Wednesday, 25 December 2013

British to begin training Burmese military



David Mathieson, Burma researcher for Human Rights Watch, said the country's
armed forces, known as the Tatmadaw, were still regularly committing
atrocities despite ceding control to a nominally civilian government.



He said the army had been accused of attacking refugee camps in Kachin state
within the past few weeks.



He said: "The Burmese Army has got a terrible reputation. It's got one of the
worst reputations in the world.



"It has an abusive modus operandi in its DNA."



"Our concerns are that the British and the US are going too far and too fast."



"Burmese commanders and soldiers on the ground just think nothing has changed
for them. They say they are dealing with insurgents and they know how to
handle them."



The Ministry of Defence in London said a joint civilian and military team from
the UK's Defence Academy will teach 30 members of the Tatmadaw and Burmese
government in the New Year.



The course called "Managing Defence in a Wider Security Context" will be run
in collaboration with Cranfield University.



Mark Francois, minister for the Armed Forces, said: "The Tatmadaw remain a key
political force in Burma, therefore we seek to encourage them to support
democratic reform through our influence and with education."



Military sources said the two week course was not battlefield military
training, but staff college type education including teaching in human
rights, humanitarian law and accountability.
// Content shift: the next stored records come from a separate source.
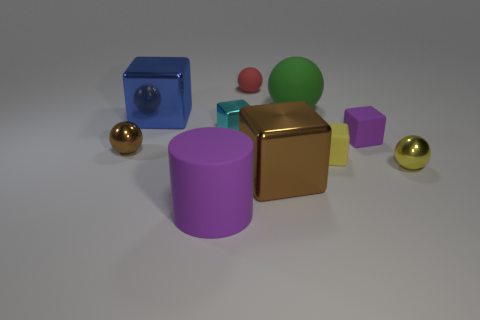The brown metallic object that is the same shape as the large green thing is what size?
Provide a short and direct response. Small. There is a tiny sphere left of the small ball behind the large green thing; how many small metal things are in front of it?
Give a very brief answer. 1. What is the color of the small ball on the right side of the tiny matte object to the left of the big green matte object?
Provide a short and direct response. Yellow. How many other objects are the same material as the big blue cube?
Ensure brevity in your answer.  4. There is a large metal thing in front of the small purple object; what number of tiny red rubber things are right of it?
Provide a short and direct response. 0. Are there any other things that have the same shape as the big blue thing?
Offer a terse response. Yes. There is a shiny ball to the left of the brown block; is its color the same as the thing that is in front of the brown metallic cube?
Your answer should be very brief. No. Is the number of small purple matte things less than the number of red cylinders?
Your answer should be compact. No. There is a tiny thing that is on the right side of the small block on the right side of the small yellow block; what shape is it?
Keep it short and to the point. Sphere. Is there anything else that has the same size as the cyan metal thing?
Ensure brevity in your answer.  Yes. 
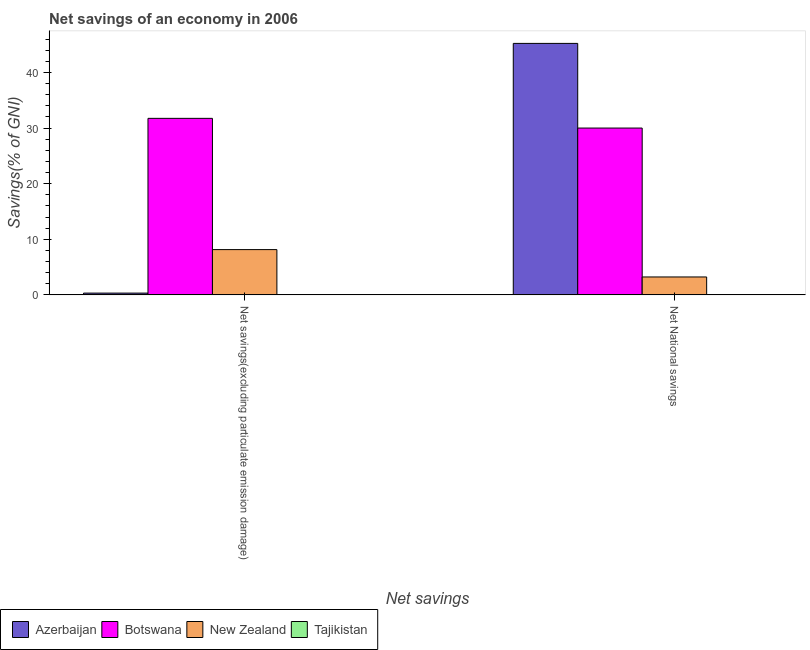How many different coloured bars are there?
Make the answer very short. 3. How many groups of bars are there?
Provide a short and direct response. 2. Are the number of bars per tick equal to the number of legend labels?
Your answer should be very brief. No. Are the number of bars on each tick of the X-axis equal?
Make the answer very short. Yes. How many bars are there on the 2nd tick from the left?
Keep it short and to the point. 3. How many bars are there on the 2nd tick from the right?
Offer a terse response. 3. What is the label of the 1st group of bars from the left?
Make the answer very short. Net savings(excluding particulate emission damage). What is the net national savings in Botswana?
Offer a very short reply. 30. Across all countries, what is the maximum net national savings?
Offer a very short reply. 45.22. In which country was the net savings(excluding particulate emission damage) maximum?
Your answer should be very brief. Botswana. What is the total net savings(excluding particulate emission damage) in the graph?
Keep it short and to the point. 40.21. What is the difference between the net savings(excluding particulate emission damage) in Azerbaijan and that in Botswana?
Your answer should be compact. -31.42. What is the difference between the net national savings in New Zealand and the net savings(excluding particulate emission damage) in Botswana?
Keep it short and to the point. -28.52. What is the average net savings(excluding particulate emission damage) per country?
Provide a short and direct response. 10.05. What is the difference between the net national savings and net savings(excluding particulate emission damage) in New Zealand?
Your answer should be compact. -4.92. What is the ratio of the net national savings in New Zealand to that in Botswana?
Your response must be concise. 0.11. Are the values on the major ticks of Y-axis written in scientific E-notation?
Your answer should be compact. No. Does the graph contain any zero values?
Keep it short and to the point. Yes. How many legend labels are there?
Offer a terse response. 4. How are the legend labels stacked?
Offer a terse response. Horizontal. What is the title of the graph?
Provide a short and direct response. Net savings of an economy in 2006. Does "Macao" appear as one of the legend labels in the graph?
Give a very brief answer. No. What is the label or title of the X-axis?
Offer a very short reply. Net savings. What is the label or title of the Y-axis?
Make the answer very short. Savings(% of GNI). What is the Savings(% of GNI) of Azerbaijan in Net savings(excluding particulate emission damage)?
Provide a short and direct response. 0.32. What is the Savings(% of GNI) of Botswana in Net savings(excluding particulate emission damage)?
Provide a short and direct response. 31.74. What is the Savings(% of GNI) in New Zealand in Net savings(excluding particulate emission damage)?
Provide a succinct answer. 8.14. What is the Savings(% of GNI) in Azerbaijan in Net National savings?
Provide a succinct answer. 45.22. What is the Savings(% of GNI) of Botswana in Net National savings?
Offer a very short reply. 30. What is the Savings(% of GNI) in New Zealand in Net National savings?
Your answer should be compact. 3.22. What is the Savings(% of GNI) of Tajikistan in Net National savings?
Give a very brief answer. 0. Across all Net savings, what is the maximum Savings(% of GNI) of Azerbaijan?
Give a very brief answer. 45.22. Across all Net savings, what is the maximum Savings(% of GNI) in Botswana?
Your answer should be compact. 31.74. Across all Net savings, what is the maximum Savings(% of GNI) of New Zealand?
Give a very brief answer. 8.14. Across all Net savings, what is the minimum Savings(% of GNI) in Azerbaijan?
Ensure brevity in your answer.  0.32. Across all Net savings, what is the minimum Savings(% of GNI) in Botswana?
Your answer should be compact. 30. Across all Net savings, what is the minimum Savings(% of GNI) in New Zealand?
Your response must be concise. 3.22. What is the total Savings(% of GNI) of Azerbaijan in the graph?
Offer a very short reply. 45.54. What is the total Savings(% of GNI) in Botswana in the graph?
Provide a succinct answer. 61.74. What is the total Savings(% of GNI) in New Zealand in the graph?
Your answer should be compact. 11.37. What is the total Savings(% of GNI) of Tajikistan in the graph?
Make the answer very short. 0. What is the difference between the Savings(% of GNI) of Azerbaijan in Net savings(excluding particulate emission damage) and that in Net National savings?
Your answer should be very brief. -44.9. What is the difference between the Savings(% of GNI) of Botswana in Net savings(excluding particulate emission damage) and that in Net National savings?
Make the answer very short. 1.74. What is the difference between the Savings(% of GNI) in New Zealand in Net savings(excluding particulate emission damage) and that in Net National savings?
Give a very brief answer. 4.92. What is the difference between the Savings(% of GNI) of Azerbaijan in Net savings(excluding particulate emission damage) and the Savings(% of GNI) of Botswana in Net National savings?
Provide a short and direct response. -29.68. What is the difference between the Savings(% of GNI) in Azerbaijan in Net savings(excluding particulate emission damage) and the Savings(% of GNI) in New Zealand in Net National savings?
Your answer should be compact. -2.9. What is the difference between the Savings(% of GNI) in Botswana in Net savings(excluding particulate emission damage) and the Savings(% of GNI) in New Zealand in Net National savings?
Provide a short and direct response. 28.52. What is the average Savings(% of GNI) in Azerbaijan per Net savings?
Provide a succinct answer. 22.77. What is the average Savings(% of GNI) in Botswana per Net savings?
Your response must be concise. 30.87. What is the average Savings(% of GNI) of New Zealand per Net savings?
Your answer should be very brief. 5.68. What is the average Savings(% of GNI) in Tajikistan per Net savings?
Give a very brief answer. 0. What is the difference between the Savings(% of GNI) in Azerbaijan and Savings(% of GNI) in Botswana in Net savings(excluding particulate emission damage)?
Your response must be concise. -31.42. What is the difference between the Savings(% of GNI) of Azerbaijan and Savings(% of GNI) of New Zealand in Net savings(excluding particulate emission damage)?
Offer a very short reply. -7.82. What is the difference between the Savings(% of GNI) of Botswana and Savings(% of GNI) of New Zealand in Net savings(excluding particulate emission damage)?
Give a very brief answer. 23.6. What is the difference between the Savings(% of GNI) in Azerbaijan and Savings(% of GNI) in Botswana in Net National savings?
Your answer should be very brief. 15.22. What is the difference between the Savings(% of GNI) in Azerbaijan and Savings(% of GNI) in New Zealand in Net National savings?
Provide a succinct answer. 42. What is the difference between the Savings(% of GNI) in Botswana and Savings(% of GNI) in New Zealand in Net National savings?
Provide a succinct answer. 26.77. What is the ratio of the Savings(% of GNI) in Azerbaijan in Net savings(excluding particulate emission damage) to that in Net National savings?
Provide a short and direct response. 0.01. What is the ratio of the Savings(% of GNI) in Botswana in Net savings(excluding particulate emission damage) to that in Net National savings?
Offer a very short reply. 1.06. What is the ratio of the Savings(% of GNI) in New Zealand in Net savings(excluding particulate emission damage) to that in Net National savings?
Offer a very short reply. 2.53. What is the difference between the highest and the second highest Savings(% of GNI) of Azerbaijan?
Your response must be concise. 44.9. What is the difference between the highest and the second highest Savings(% of GNI) of Botswana?
Ensure brevity in your answer.  1.74. What is the difference between the highest and the second highest Savings(% of GNI) of New Zealand?
Give a very brief answer. 4.92. What is the difference between the highest and the lowest Savings(% of GNI) in Azerbaijan?
Your answer should be very brief. 44.9. What is the difference between the highest and the lowest Savings(% of GNI) in Botswana?
Make the answer very short. 1.74. What is the difference between the highest and the lowest Savings(% of GNI) in New Zealand?
Offer a terse response. 4.92.

One defence source said: "The Burmese military will be key to the process of
political reform. To ignore the military puts the entire process of
political reform at risk."



The training has been endorsed by Aung San Suu Kyi, the country's veteran
opposition leader, who visited Sandhurst earlier this year to see what the
British military could offer.



Western governments and businesses have scrambled for position in Burma since
the country's military leaders ended years of isolation by promising to
usher in democratic reforms. America has also offered legal training to the
Burmese military.



Burma has plentiful resources of hydro-carbons, minerals, gems and timber, and
a cheap labour force which thanks to years of sanctions is largely untapped
by foreign investors.



Yasmin Qureshi, MP for Bolton South East, said recent attacks on Burma's
Muslim Rohingya minority had been carried out with the tacit support of the
military and showed the armed forces had not changed however.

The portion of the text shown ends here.